融解曲線は、温度上昇に伴う蛍光シグナルの変化を反映しています。曲線の初期段階における変動は、蛍光の減少速度の不均一性によるものです。低温では蛍光シグナルは大きく低下しません。これは、DNAの変性がまだ始まっていないことを示している可能性があります。むしろ、シグナルのわずかな減少は、温度によって引き起こされる溶液pHの変化によって引き起こされている可能性があります。曲線の後半部分は、DNAの融解に伴う通常の蛍光減少を表しています。

• 注:これも最終結果には影響しません。

12. 同じプライマーペアでも、異なるサンプルウェル間でTm値が異なり、1～2℃の差があるものの、すべて狭い単一のピークを示す。

• 考えられる原因:

同じ遺伝子であっても、異なるサンプル間、特に異なる種間では、個々の塩基配列にわずかな違いが見られることがあります。Tm値は塩基組成の影響を受けるため、わずかな違いが融解温度のわずかな違いにつながる可能性があります。

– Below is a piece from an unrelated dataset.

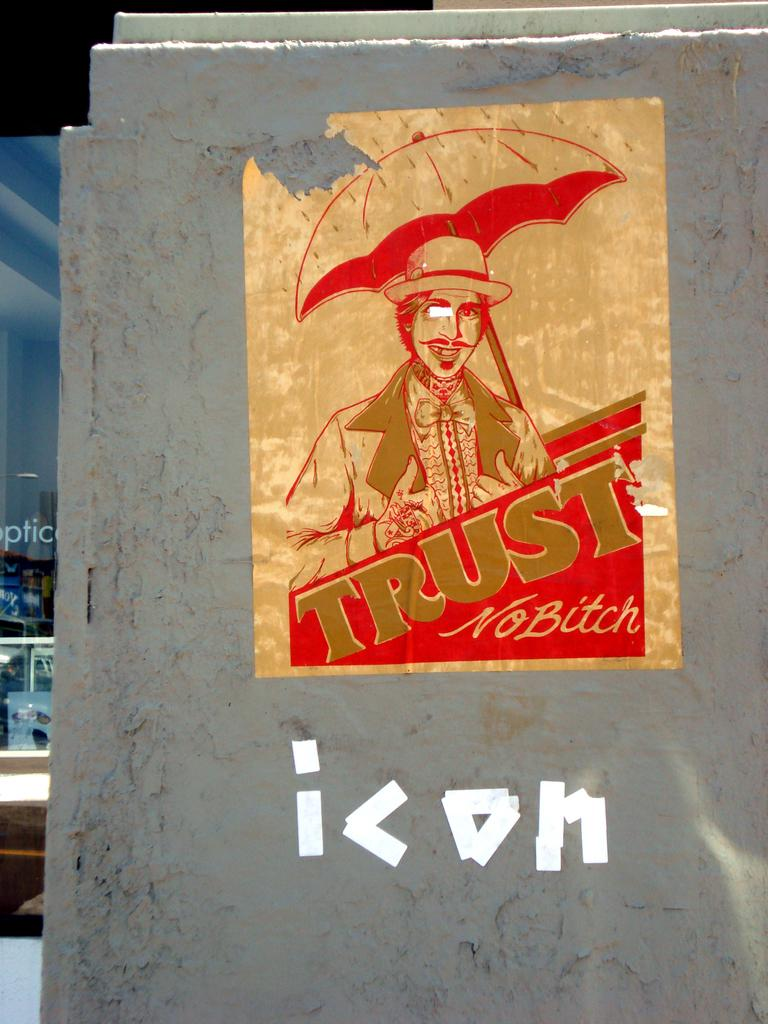What type of wall is visible in the image? There is a marble wall in the image. What is on the wall in the image? There is a poster on the wall. What is depicted on the poster? The poster features a man and an umbrella. What phrase is written on the poster? The text "trust no bitch" is written on the poster. Where are the scissors located in the image? There are no scissors present in the image. What type of vegetable is featured on the poster? The poster does not feature any vegetables; it depicts a man and an umbrella.

•  注意：曲線が狭い単一ピークであり、Tm差が2℃以内であれば、結果は許容可能です。

13. 同じプライマーペアは以前は二重ピークを示さなかった（左パネル）が、テンプレート/試薬を変更した後に二重ピークが現れた（右パネル）

• 考えられる原因:

Tm <80°C の以前の単一ピークは、プライマーダイマーのみが増幅された (実際の生成物がない) ことを示唆しています。
テンプレートまたは試薬を変更した後に二重ピークが現れる場合は、初期のプライマー設計に問題があることを示しています。

• 注：プライマーの再設計を検討してください。

こうした融解曲線の不規則性を理解し、対処することで、qPCR結果の信頼性を大幅に向上させることができます。このガイドが、効果的なトラブルシューティングとワークフローの最適化に役立ち、より優れた一貫性のあるデータが得られることを願っています。